● Problem statement
Wherever pictures appear in the listing below, leave them out, and copy exactly, and only, everything from the line with "Summarize the main" down to the line with "what city has".

● Material supplied
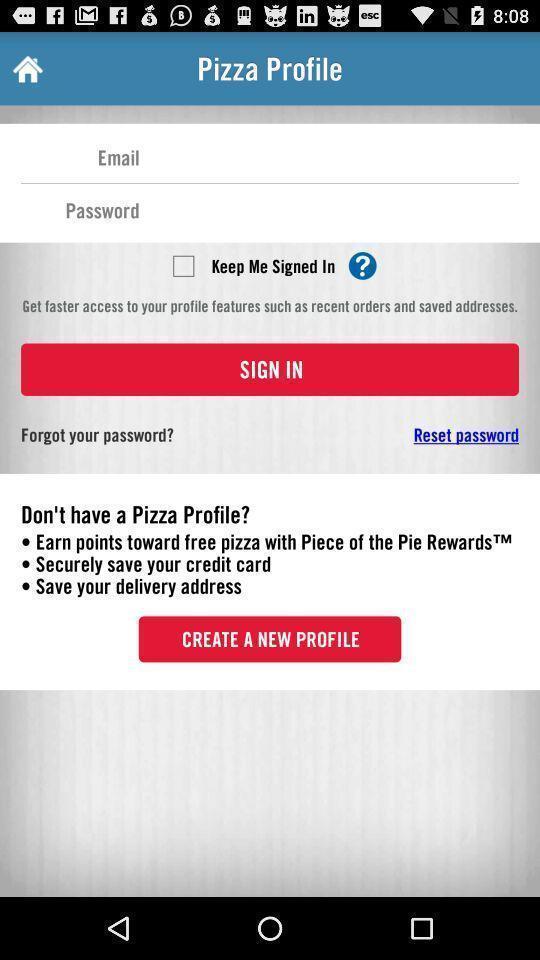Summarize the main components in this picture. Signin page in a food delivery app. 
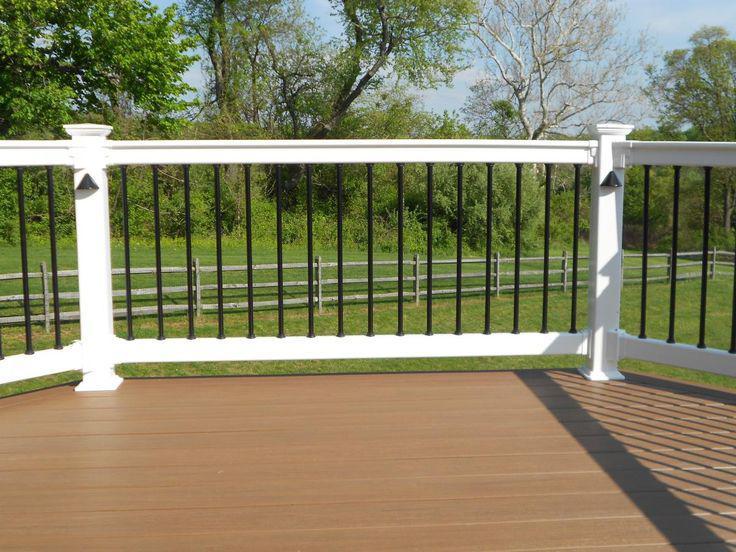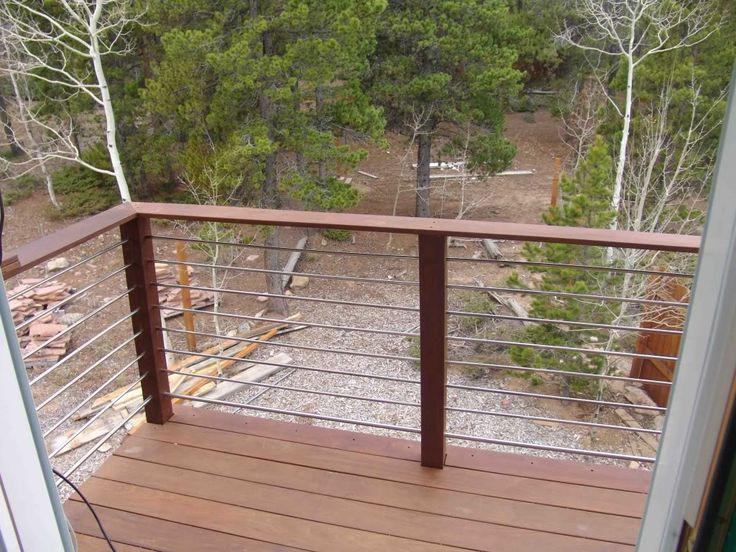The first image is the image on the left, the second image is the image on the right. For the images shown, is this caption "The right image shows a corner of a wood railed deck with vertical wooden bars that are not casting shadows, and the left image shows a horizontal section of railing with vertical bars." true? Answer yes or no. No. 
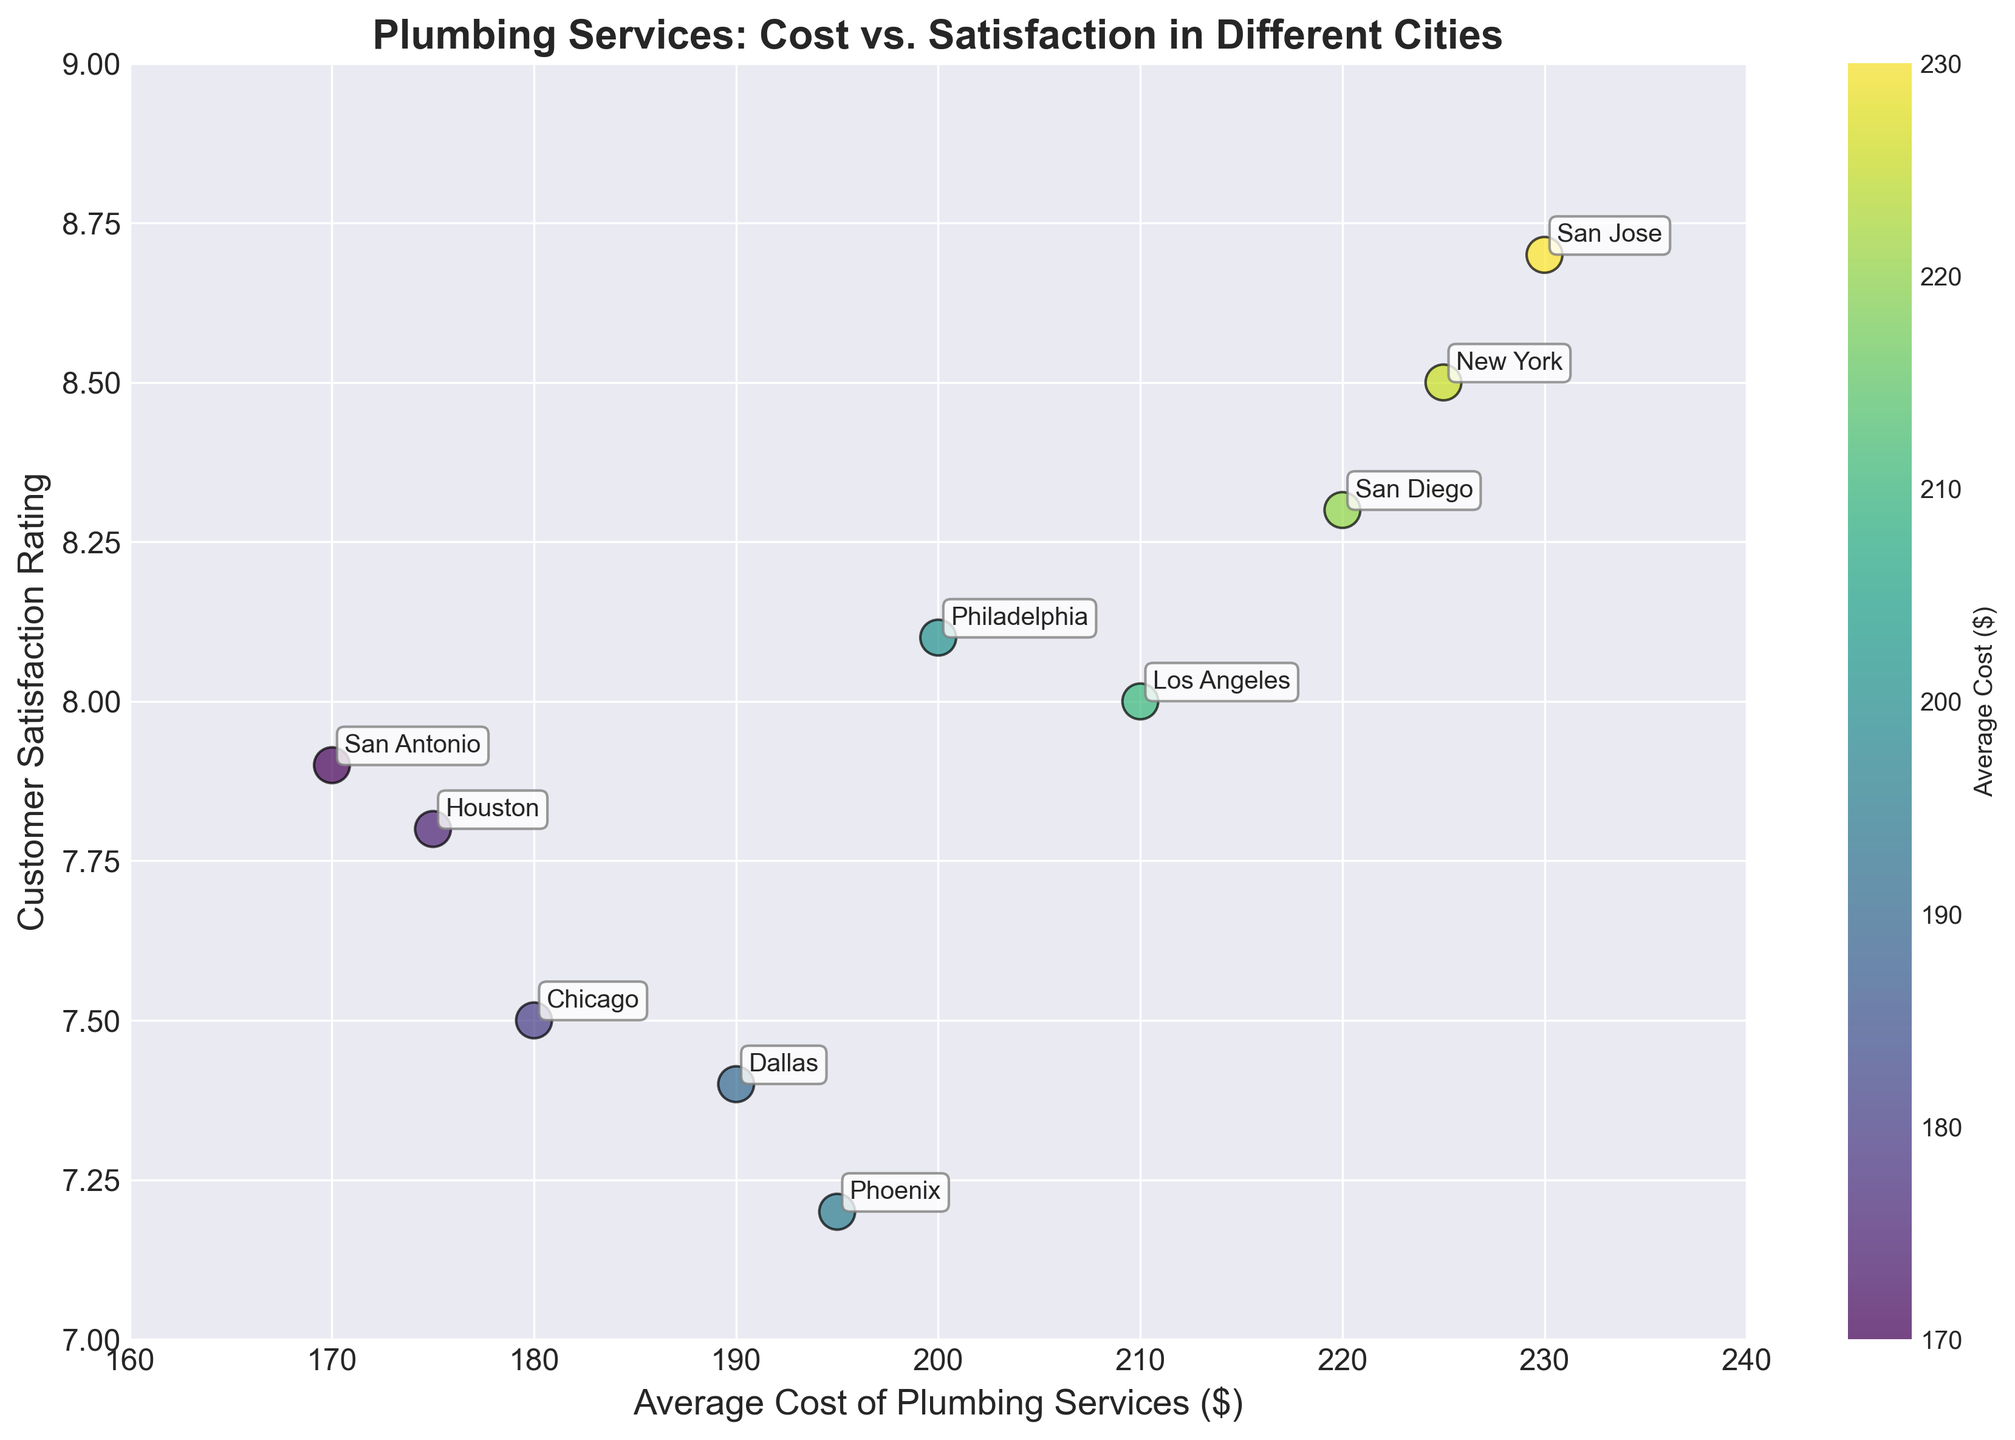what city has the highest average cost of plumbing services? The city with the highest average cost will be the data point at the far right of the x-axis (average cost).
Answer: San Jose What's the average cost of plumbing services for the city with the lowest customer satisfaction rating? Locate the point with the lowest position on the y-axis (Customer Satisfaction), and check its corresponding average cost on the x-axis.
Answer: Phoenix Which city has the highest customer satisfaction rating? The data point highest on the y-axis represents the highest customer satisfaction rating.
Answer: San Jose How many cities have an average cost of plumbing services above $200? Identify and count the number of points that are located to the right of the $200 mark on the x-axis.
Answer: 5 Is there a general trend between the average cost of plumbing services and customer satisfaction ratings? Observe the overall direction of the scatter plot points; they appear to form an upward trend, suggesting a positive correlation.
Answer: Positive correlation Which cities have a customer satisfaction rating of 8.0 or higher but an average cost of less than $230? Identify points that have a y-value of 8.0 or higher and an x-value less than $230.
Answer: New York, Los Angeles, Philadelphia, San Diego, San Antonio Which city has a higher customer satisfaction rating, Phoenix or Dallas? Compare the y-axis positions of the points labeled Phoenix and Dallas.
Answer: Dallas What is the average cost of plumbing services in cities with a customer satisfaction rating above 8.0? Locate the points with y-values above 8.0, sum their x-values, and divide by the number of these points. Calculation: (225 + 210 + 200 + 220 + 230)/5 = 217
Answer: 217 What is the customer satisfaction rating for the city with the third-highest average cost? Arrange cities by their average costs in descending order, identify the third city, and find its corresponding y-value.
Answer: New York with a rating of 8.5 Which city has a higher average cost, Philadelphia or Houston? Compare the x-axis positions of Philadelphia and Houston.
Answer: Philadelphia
...
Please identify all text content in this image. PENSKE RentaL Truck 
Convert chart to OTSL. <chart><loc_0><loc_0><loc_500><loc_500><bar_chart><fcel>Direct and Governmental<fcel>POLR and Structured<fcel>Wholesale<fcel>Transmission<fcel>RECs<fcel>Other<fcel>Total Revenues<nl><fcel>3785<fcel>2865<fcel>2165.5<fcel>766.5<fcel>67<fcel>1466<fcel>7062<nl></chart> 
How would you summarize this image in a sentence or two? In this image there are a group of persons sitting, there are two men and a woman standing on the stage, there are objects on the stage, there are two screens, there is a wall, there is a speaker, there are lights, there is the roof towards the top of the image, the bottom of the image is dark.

● Reply
Summarize the main components in this picture. Signin page in a food delivery app. 
The first image is the image on the left, the second image is the image on the right. For the images shown, is this caption "The right image shows a corner of a wood railed deck with vertical wooden bars that are not casting shadows, and the left image shows a horizontal section of railing with vertical bars." true? Answer yes or no. No. 
what city has the highest average cost of plumbing services? The city with the highest average cost will be the data point at the far right of the x-axis (average cost).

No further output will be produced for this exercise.